Une impression visible uniquement sous UV a été intégrée dans Ice Memory Thread. Cette dimension cachée a-t-elle une signification particulière dans vos pratiques ?
Carl Guilhon : Chez RETINAA, ces techniques propres à l’impression de sécurité font partie intégrante de notre pratique et de notre langage visuel. Dans le cas de Ice Memory Thread, l’encre de sécurité permet une double lecture qui rend l’œuvre dynamique. En dialogue avec la broderie, on découvre une représentation beaucoup plus technologique du territoire, à la manière d’une interface. Ce motif symbolise la mémoire de la glace et ses précieuses informations.
Alexandra Mocanu : Cela permet d’ajouter une couche invisible à première vue. C’est une manière de questionner ce que l’on perçoit immédiatement et ce qui reste caché, mais aussi de faire écho à la manière dont certaines données ou images circulent aujourd’hui sans être toujours visibles.
« Il y a toujours un espace pour l’imaginaire, même lorsqu’on part de données concrètes. »

Que dit Ice Memory Thread de notre rapport au territoire, à l’écologie, à l’environnement, aujourd’hui ?
Carl Guilhon : Ice Memory Thread rend hommage à la mémoire de la glace, véritable archive de l’histoire de notre planète. C’est comme si la Terre tenait ses propres archives depuis des millénaires. Chaque couche de chutes de neige compactées contient des informations irremplaçables sur la composition de l’atmosphère et le climat qu’il est crucial de préserver pour comprendre le passé et anticiper l’avenir.

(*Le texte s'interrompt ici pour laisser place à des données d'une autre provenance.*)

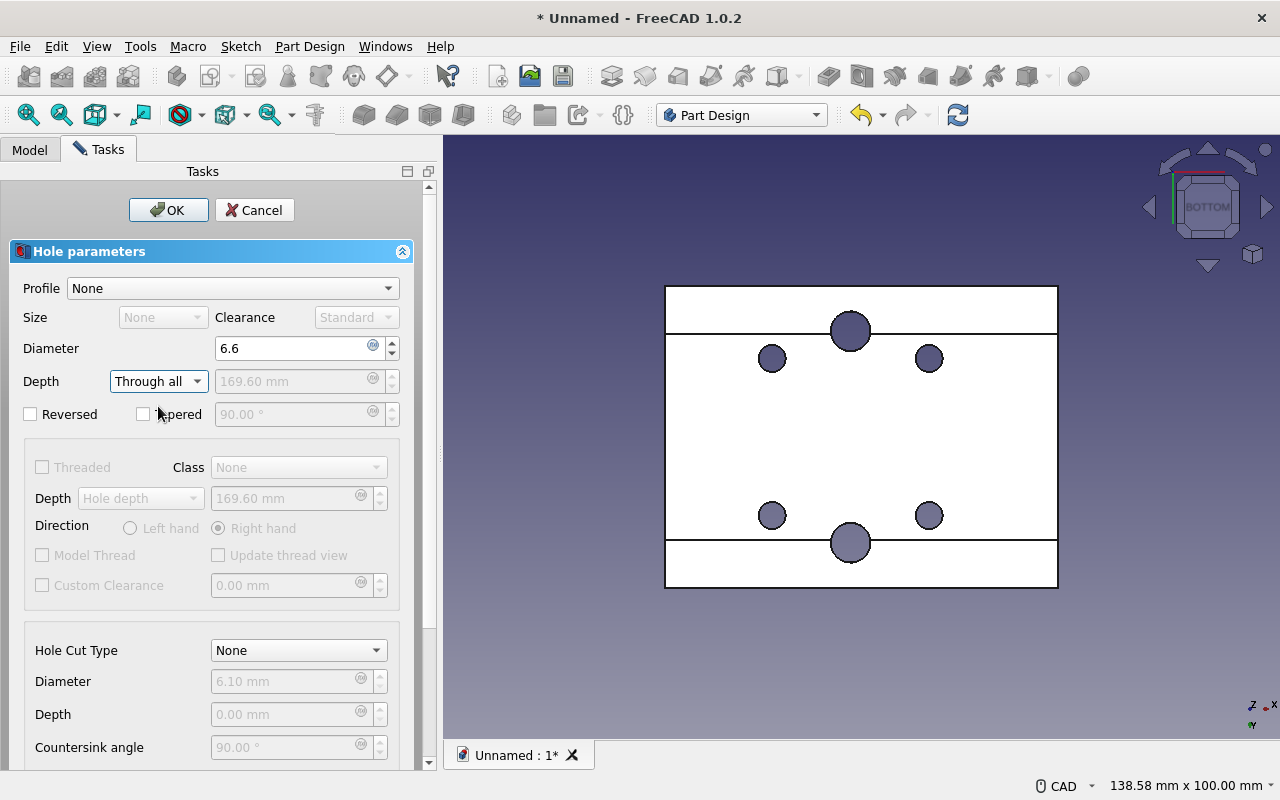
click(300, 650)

Alexandra Mocanu : Le projet interroge la manière dont on construit notre vision du territoire à travers des outils de représentation. On ne regarde plus seulement un paysage, on le consulte, on le modélise, on le cartographie. Cela transforme notre relation au réel.



Que retenez-vous de cette collaboration ?
Alexandra Mocanu : La manière dont les différentes approches ont pu se compléter sans s’annuler. Cela m’a aussi amenée à accepter de ne pas tout maîtriser, ce qui est assez précieux dans un processus de création.
Carl Guilhon : C’est fascinant de révéler les parallèles entre l’art de la broderie et notre propre processus de création en lien avec l’impression de sécurité. On découvre un langage commun entre ces disciplines qui négocient avec des contraintes techniques et une structure qui est déjà là.
- Festival NOÛS, jusq’au 19.04, BnF, Paris.